Arpit Agarwal (University of Pennsylvania)

Title
Learning with Limited Rounds of Adaptivity: Coin Tossing, Multi-Armed Bandits, and Ranking from Pairwise Comparisons

Abstract
In many learning settings, active/adaptive querying is possible, but the number of rounds of adaptivity is limited. We study the relationship between query complexity and adaptivity in identifying the k-most biased coins among a set of n coins with unknown biases. This problem is a common abstraction of many well-studied problems, including the problem of identifying the k-best arms in a stochastic multi-armed bandit, and the problem of top-k ranking from pairwise comparisons.

An r-round adaptive algorithm for the k most biased coins problem specifies in each round the set of coin tosses to be performed based on the observed outcomes in earlier rounds, and outputs the set of k-most biased coins at the end of r rounds.

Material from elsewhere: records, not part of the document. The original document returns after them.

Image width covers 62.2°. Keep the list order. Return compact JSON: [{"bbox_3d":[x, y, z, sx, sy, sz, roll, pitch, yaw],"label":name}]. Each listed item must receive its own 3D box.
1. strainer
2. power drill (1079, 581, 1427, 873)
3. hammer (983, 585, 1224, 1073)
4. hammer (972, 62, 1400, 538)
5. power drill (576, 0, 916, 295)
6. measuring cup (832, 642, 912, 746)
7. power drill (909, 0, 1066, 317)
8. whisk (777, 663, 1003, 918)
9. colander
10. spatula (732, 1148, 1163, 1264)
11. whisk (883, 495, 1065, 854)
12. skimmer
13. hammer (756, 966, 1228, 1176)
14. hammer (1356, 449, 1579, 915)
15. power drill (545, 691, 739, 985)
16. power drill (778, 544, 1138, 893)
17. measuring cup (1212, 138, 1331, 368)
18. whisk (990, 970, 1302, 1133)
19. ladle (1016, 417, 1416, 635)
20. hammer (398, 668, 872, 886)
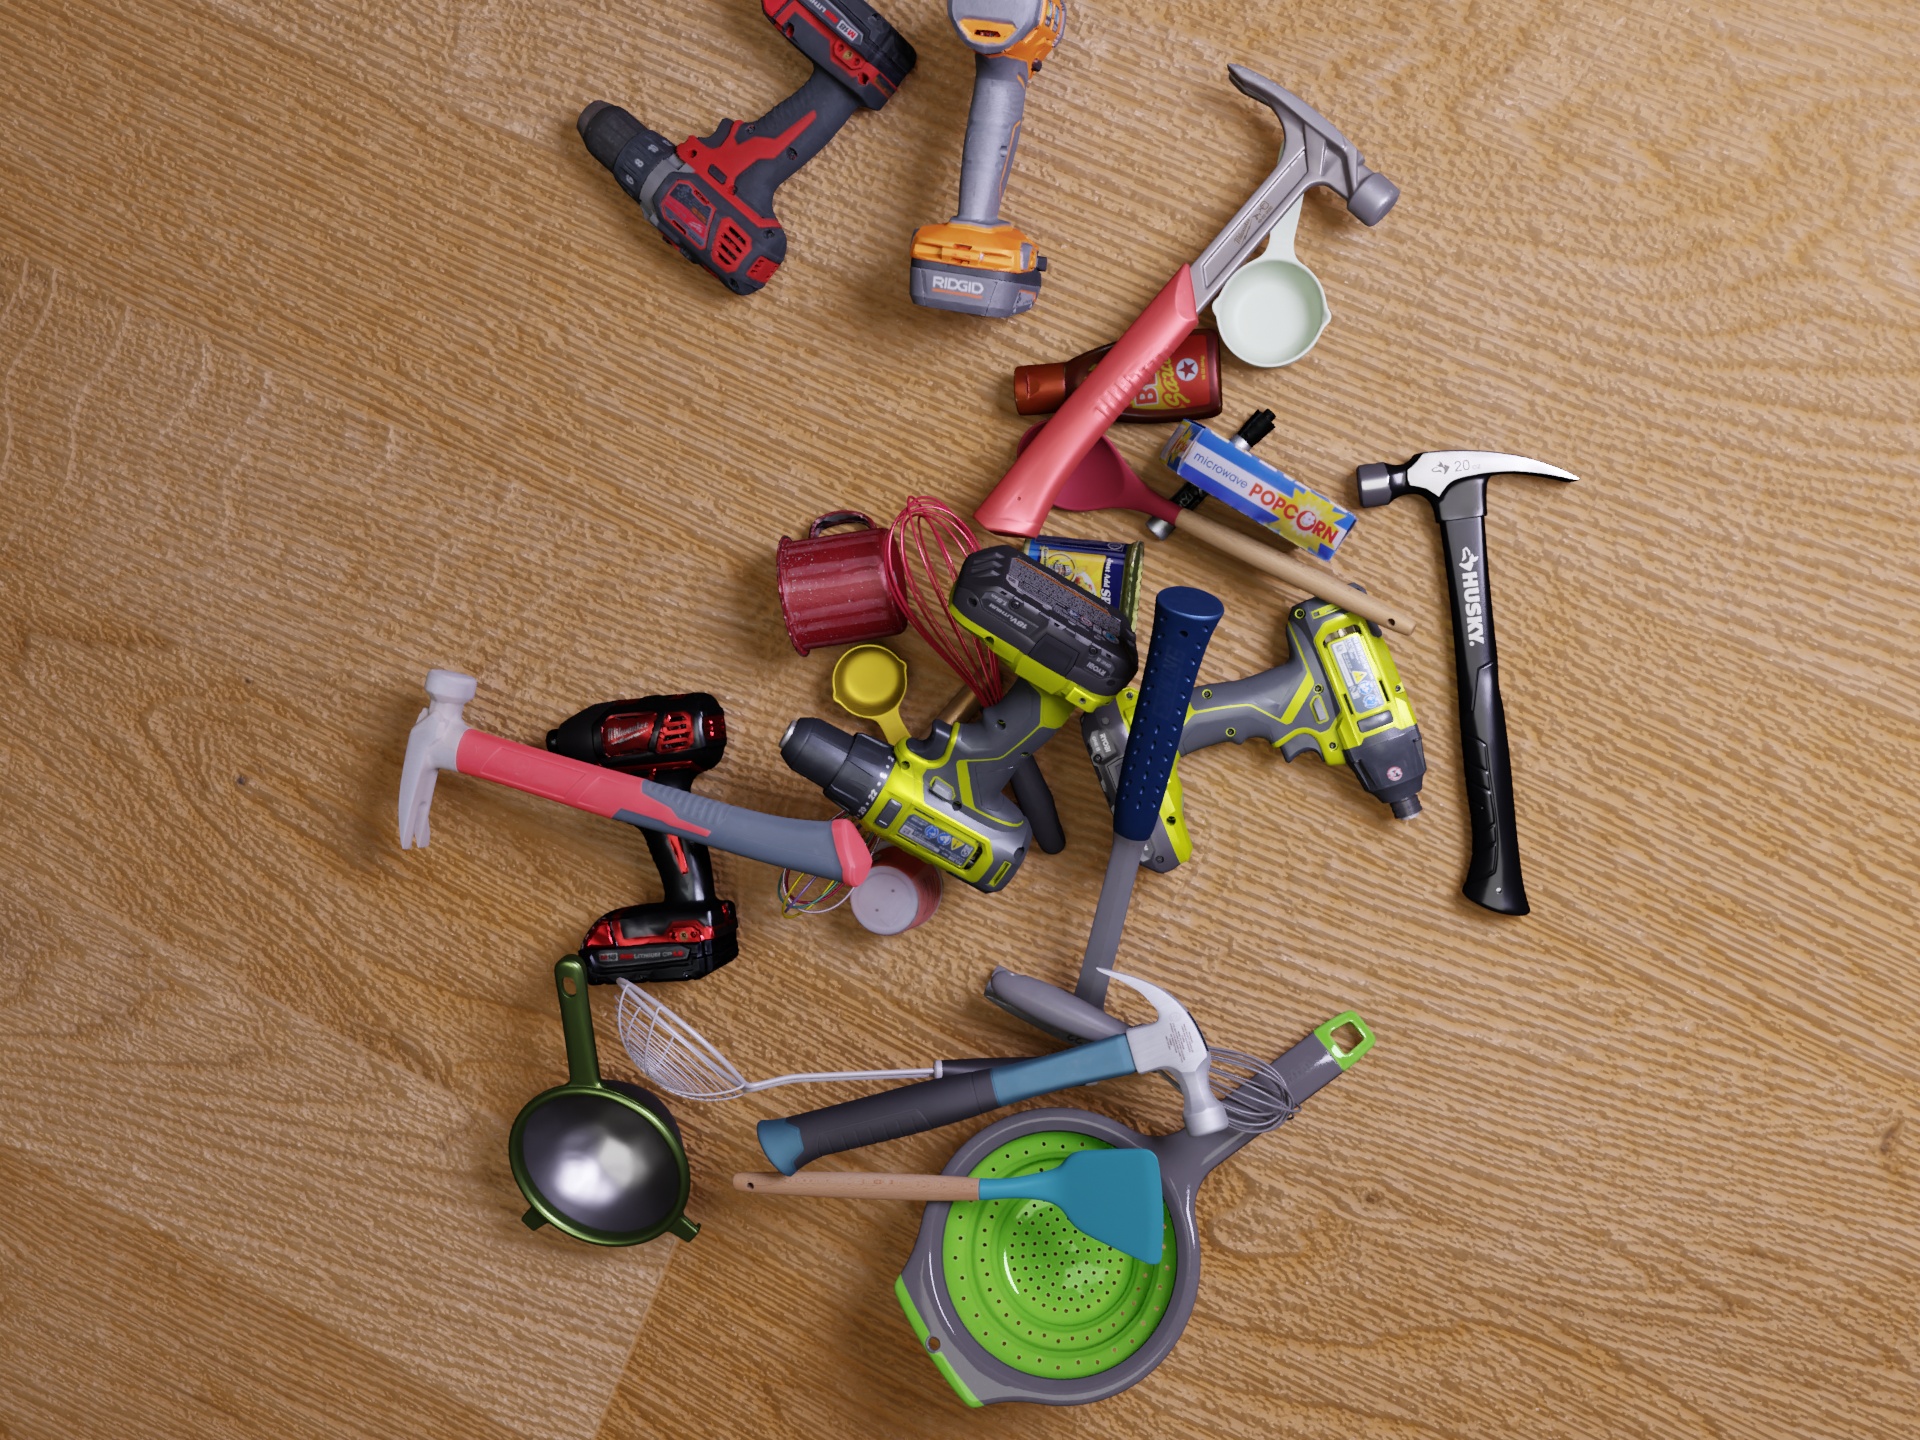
[{"bbox_3d":[-0.283,0.292,1.261,0.151,0.069,0.256,0,109,12],"label":"strainer"},{"bbox_3d":[0.213,0.019,1.146,0.223,0.080,0.171,-21,91,10],"label":"power drill"},{"bbox_3d":[0.110,0.084,1.100,0.144,0.035,0.405,17,128,11],"label":"hammer"},{"bbox_3d":[0.130,-0.276,1.111,0.149,0.036,0.359,43,98,10],"label":"hammer"},{"bbox_3d":[-0.164,-0.457,1.181,0.188,0.080,0.226,42,105,6],"label":"power drill"},{"bbox_3d":[-0.047,0.011,1.229,0.062,0.029,0.156,-26,102,5],"label":"measuring cup"},{"bbox_3d":[0.027,-0.406,1.116,0.084,0.164,0.226,12,110,10],"label":"power drill"},{"bbox_3d":[-0.053,0.054,1.199,0.245,0.051,0.047,-49,127,-6],"label":"whisk"},{"bbox_3d":[0.142,0.349,1.190,0.397,0.094,0.205,-35,70,-4],"label":"colander"},{"bbox_3d":[-0.013,0.339,1.142,0.317,0.044,0.082,-2,96,10],"label":"spatula"},{"bbox_3d":[0.017,-0.028,1.163,0.073,0.073,0.295,-19,109,13],"label":"whisk"},{"bbox_3d":[-0.078,0.237,1.200,0.363,0.127,0.090,0,69,-4],"label":"skimmer"},{"bbox_3d":[0.013,0.265,1.129,0.331,0.033,0.128,-17,76,10],"label":"hammer"},{"bbox_3d":[0.373,-0.026,1.128,0.146,0.035,0.335,-6,94,13],"label":"hammer"},{"bbox_3d":[-0.250,0.091,1.250,0.143,0.078,0.219,-5,92,12],"label":"power drill"},{"bbox_3d":[-0.002,-0.004,1.104,0.190,0.080,0.228,30,118,-9],"label":"power drill"},{"bbox_3d":[0.227,-0.333,1.129,0.083,0.038,0.167,8,95,11],"label":"measuring cup"},{"bbox_3d":[0.131,0.234,1.148,0.239,0.055,0.055,23,99,13],"label":"whisk"},{"bbox_3d":[0.178,-0.134,1.129,0.315,0.031,0.069,30,124,21],"label":"ladle"},{"bbox_3d":[-0.250,0.074,1.191,0.386,0.038,0.143,15,95,18],"label":"hammer"}]
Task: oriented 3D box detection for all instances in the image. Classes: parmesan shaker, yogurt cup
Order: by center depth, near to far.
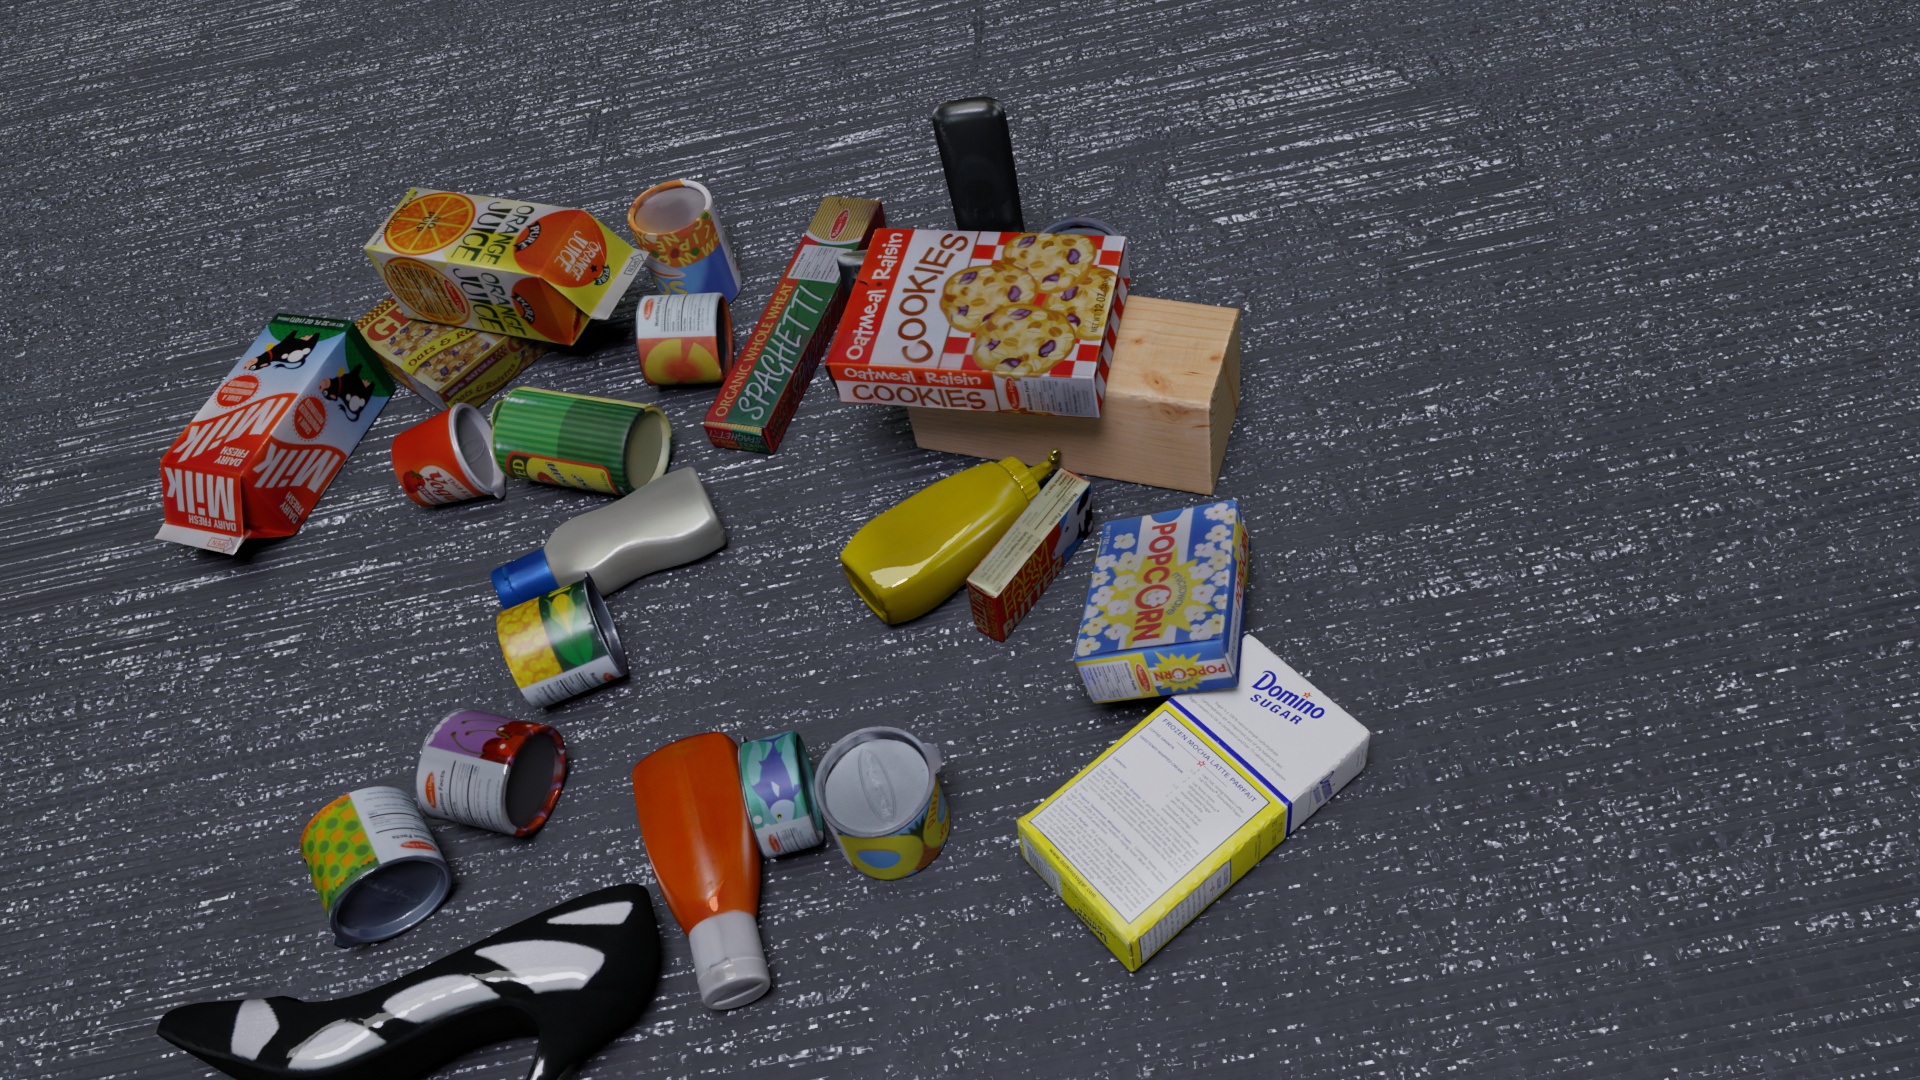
[{"bbox_3d":[-0.263,-0.069,0.963,0.103,0.071,0.072,9,55,17],"label":"parmesan shaker"},{"bbox_3d":[-0.362,-0.057,0.978,0.054,0.072,0.073,-18,51,7],"label":"yogurt cup"}]

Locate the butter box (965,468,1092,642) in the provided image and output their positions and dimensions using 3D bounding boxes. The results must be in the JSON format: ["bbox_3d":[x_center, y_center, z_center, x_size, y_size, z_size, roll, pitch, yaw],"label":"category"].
[{"bbox_3d":[0.044,0.009,0.857,0.024,0.053,0.104,28,63,25],"label":"butter box"}]

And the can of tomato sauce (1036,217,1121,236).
[{"bbox_3d":[0.083,-0.171,0.970,0.071,0.082,0.071,-5,52,7],"label":"can of tomato sauce"}]

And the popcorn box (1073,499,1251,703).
[{"bbox_3d":[0.119,0.034,0.801,0.085,0.038,0.127,-11,35,23],"label":"popcorn box"}]

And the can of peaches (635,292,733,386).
[{"bbox_3d":[-0.200,-0.145,1.014,0.058,0.071,0.071,-3,52,2],"label":"can of peaches"}]

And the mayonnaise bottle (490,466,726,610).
[{"bbox_3d":[-0.233,0.006,0.920,0.148,0.041,0.065,-25,51,-7],"label":"mayonnaise bottle"}]

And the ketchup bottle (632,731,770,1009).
[{"bbox_3d":[-0.138,0.180,0.763,0.065,0.043,0.149,-23,52,1],"label":"ketchup bottle"}]

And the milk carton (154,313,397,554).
[{"bbox_3d":[-0.501,-0.071,1.007,0.072,0.073,0.191,9,55,17],"label":"milk carton"}]

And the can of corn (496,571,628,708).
[{"bbox_3d":[-0.247,0.062,0.860,0.058,0.070,0.071,-22,52,-6],"label":"can of corn"}]

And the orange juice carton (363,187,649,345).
[{"bbox_3d":[-0.329,-0.201,1.027,0.193,0.072,0.072,11,56,16],"label":"orange juice carton"}]

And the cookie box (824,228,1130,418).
[{"bbox_3d":[0.013,-0.140,0.870,0.167,0.040,0.123,5,55,15],"label":"cookie box"}]

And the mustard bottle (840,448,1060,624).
[{"bbox_3d":[0.003,-0.011,0.883,0.161,0.048,0.065,-33,54,-16],"label":"mustard bottle"}]

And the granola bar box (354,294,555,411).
[{"bbox_3d":[-0.374,-0.180,1.091,0.124,0.039,0.166,31,64,28],"label":"granola bar box"}]

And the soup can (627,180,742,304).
[{"bbox_3d":[-0.213,-0.222,1.065,0.071,0.083,0.072,-5,52,7],"label":"soup can"}]

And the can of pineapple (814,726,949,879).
[{"bbox_3d":[-0.040,0.145,0.763,0.071,0.057,0.071,-5,52,7],"label":"can of pineapple"}]

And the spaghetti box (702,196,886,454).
[{"bbox_3d":[-0.120,-0.166,1.039,0.050,0.028,0.251,9,55,17],"label":"spaghetti box"}]

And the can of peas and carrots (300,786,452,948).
[{"bbox_3d":[-0.331,0.184,0.783,0.071,0.070,0.059,-34,53,-15],"label":"can of peas and carrots"}]

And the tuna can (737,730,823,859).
[{"bbox_3d":[-0.100,0.139,0.774,0.033,0.070,0.071,-14,51,-2],"label":"tuna can"}]

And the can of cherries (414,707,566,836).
[{"bbox_3d":[-0.272,0.134,0.811,0.058,0.071,0.072,7,54,16],"label":"can of cherries"}]

When r = 1, the algorithm is known as non-adaptive; when r is unbounded, the algorithm is known as fully adaptive. While the power of adaptivity in reducing query complexity is well known, full adaptivity requires repeated interaction with the coin tossing (feedback generation) mechanism, and is highly sequential, since the set of coins to be tossed in each round can only be determined after we have observed the outcomes of the coin tosses from the previous round. In contrast, algorithms with only few rounds of adaptivity require fewer rounds of interaction with the feedback generation mechanism, and offer the benefits of parallelism in algorithmic decision-making. Motivated by these considerations, we consider the question of how much adaptivity is needed to realize the optimal worst case query complexity for identifying the k most biased coins. Given any positive integer r, we derive essentially matching upper and lower bounds on the query complexity of r-round algorithms. We then show that Θ(log* n) rounds are both necessary and sufficient for achieving the optimal worst case query complexity for identifying the k-most biased coins. In particular, our algorithm achieves the optimal query complexity in at most log* n rounds, which implies that on any realistic input, 5 parallel rounds of exploration suffice to achieve the optimal worst-case sample complexity. The best known algorithm prior to our work required Θ(log n) rounds to achieve the optimal worst case query complexity even for the special case of k = 1.

Bio
Arpit Agarwal is a Ph.D. student in the Department of Computer & Information Science at University of Pennsylvania working with Prof. Shivani Agarwal. His research interests span the areas of machine learning, learning theory and information elicitation, with a focus on problems at the interface of ranking and crowdsourcing.